Screening and Diagnosis
Fecal occult blood testing
Fecal occult blood testing (FOBT) consists of guaiac-based testing (gFOBT), which can be performed in the doctor's office, or a fecal immunohistochemical test (FIT), which is usually processed in clinical laboratories. The difference between these tests is based on the detected analyte. Blood in the stool detected by gFOBT depends on the reaction of a pseudoperoxidase with heme or hemoglobin, whereas FIT depends on the reaction with globin. For these tests, two samples should be collected from three consecutive bowel movements. The majority of the adenomas and CRCs go undetected because they usually are not bleeding at the time of the test. Newer gFOBT and FIT appear to have a better sensitivity than older tests without sacrificing specificity.
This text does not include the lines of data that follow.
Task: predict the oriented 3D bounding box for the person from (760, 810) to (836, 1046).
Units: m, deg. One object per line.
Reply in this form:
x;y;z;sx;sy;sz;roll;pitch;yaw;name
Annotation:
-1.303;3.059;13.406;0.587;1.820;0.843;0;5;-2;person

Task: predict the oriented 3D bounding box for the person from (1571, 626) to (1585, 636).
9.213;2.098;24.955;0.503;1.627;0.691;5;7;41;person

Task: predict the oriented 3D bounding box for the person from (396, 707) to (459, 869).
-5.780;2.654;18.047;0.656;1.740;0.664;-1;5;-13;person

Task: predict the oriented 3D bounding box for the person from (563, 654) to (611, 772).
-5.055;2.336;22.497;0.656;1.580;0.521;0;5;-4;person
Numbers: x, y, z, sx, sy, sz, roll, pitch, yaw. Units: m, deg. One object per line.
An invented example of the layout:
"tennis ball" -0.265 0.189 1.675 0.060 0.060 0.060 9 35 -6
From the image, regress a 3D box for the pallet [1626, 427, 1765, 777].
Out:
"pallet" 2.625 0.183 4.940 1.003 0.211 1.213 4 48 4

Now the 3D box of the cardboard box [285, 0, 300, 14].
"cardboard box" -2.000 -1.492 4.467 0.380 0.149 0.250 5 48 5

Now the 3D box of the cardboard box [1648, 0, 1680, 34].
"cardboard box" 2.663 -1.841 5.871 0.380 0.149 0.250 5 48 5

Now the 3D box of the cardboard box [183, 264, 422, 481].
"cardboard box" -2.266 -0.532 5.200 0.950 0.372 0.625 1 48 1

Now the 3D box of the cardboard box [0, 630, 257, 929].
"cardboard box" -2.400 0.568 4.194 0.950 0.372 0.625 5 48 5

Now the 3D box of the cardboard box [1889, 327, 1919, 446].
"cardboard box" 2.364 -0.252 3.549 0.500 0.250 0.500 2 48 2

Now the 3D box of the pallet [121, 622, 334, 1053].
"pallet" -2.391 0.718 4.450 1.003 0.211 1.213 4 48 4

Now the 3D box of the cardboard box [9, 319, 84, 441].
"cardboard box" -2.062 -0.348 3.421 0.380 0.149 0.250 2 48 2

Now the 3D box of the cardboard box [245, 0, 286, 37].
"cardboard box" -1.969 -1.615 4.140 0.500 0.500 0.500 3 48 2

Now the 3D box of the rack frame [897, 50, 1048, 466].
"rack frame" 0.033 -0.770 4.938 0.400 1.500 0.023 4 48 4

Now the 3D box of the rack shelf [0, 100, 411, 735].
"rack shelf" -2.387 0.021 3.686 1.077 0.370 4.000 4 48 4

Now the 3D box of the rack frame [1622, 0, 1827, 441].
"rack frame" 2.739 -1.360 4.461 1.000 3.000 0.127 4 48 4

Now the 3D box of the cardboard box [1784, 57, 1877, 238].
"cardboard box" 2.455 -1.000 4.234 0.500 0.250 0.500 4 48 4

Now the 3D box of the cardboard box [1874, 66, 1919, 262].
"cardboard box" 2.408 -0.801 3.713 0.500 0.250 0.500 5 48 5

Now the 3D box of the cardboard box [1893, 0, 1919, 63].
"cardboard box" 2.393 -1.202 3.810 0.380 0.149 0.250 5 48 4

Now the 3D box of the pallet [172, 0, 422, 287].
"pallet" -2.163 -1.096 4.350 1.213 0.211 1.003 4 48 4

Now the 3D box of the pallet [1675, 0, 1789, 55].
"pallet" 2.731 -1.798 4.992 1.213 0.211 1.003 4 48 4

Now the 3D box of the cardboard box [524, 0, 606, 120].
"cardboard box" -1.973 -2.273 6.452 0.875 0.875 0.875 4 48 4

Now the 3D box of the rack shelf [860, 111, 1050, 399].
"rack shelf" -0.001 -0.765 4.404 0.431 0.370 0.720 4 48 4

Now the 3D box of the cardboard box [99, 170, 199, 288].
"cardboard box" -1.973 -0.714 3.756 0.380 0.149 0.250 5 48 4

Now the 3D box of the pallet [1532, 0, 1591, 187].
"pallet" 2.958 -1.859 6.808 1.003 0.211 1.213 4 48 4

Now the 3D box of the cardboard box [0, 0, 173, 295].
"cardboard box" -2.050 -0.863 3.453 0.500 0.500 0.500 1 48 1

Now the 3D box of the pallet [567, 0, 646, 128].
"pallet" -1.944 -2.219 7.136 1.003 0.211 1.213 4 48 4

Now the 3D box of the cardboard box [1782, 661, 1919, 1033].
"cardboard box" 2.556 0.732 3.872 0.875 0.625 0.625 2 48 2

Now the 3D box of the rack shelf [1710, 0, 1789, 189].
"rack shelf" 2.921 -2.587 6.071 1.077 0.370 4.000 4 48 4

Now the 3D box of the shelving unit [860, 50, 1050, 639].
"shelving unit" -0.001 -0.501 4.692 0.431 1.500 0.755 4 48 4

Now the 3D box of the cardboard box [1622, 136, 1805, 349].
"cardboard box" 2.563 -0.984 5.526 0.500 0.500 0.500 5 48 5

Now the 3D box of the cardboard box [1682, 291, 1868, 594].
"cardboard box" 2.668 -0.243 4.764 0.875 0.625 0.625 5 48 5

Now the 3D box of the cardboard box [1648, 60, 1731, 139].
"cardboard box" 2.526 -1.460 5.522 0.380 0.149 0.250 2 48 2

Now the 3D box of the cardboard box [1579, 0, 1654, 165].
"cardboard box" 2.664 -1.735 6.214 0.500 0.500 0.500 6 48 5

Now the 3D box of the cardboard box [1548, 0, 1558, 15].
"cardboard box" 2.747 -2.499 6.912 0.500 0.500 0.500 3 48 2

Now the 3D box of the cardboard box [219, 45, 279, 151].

Three large, prospective, randomized, controlled clinical trials have demonstrated a 15% to 33% decrease in CRC mortality over an 8- to 13-year period of follow-up in those individuals randomized to undergo FOBT. A positive FOBT result should be followed by colonoscopy.
Stool DNA testing
Stool DNA (sDNA) testing takes advantage of molecular changes or mutations that occur in the carcinogenesis of CRC. DNA shed in the stool is analyzed for molecular changes. Multiple targets, including mutations in KRAS, p53, APC, and BAT 26 (which can be a surrogate marker for MSI), are analyzed. There are no data on the performance of sDNA for screening; however, the test has been shown to be able to detect both significant adenomas and CRCs.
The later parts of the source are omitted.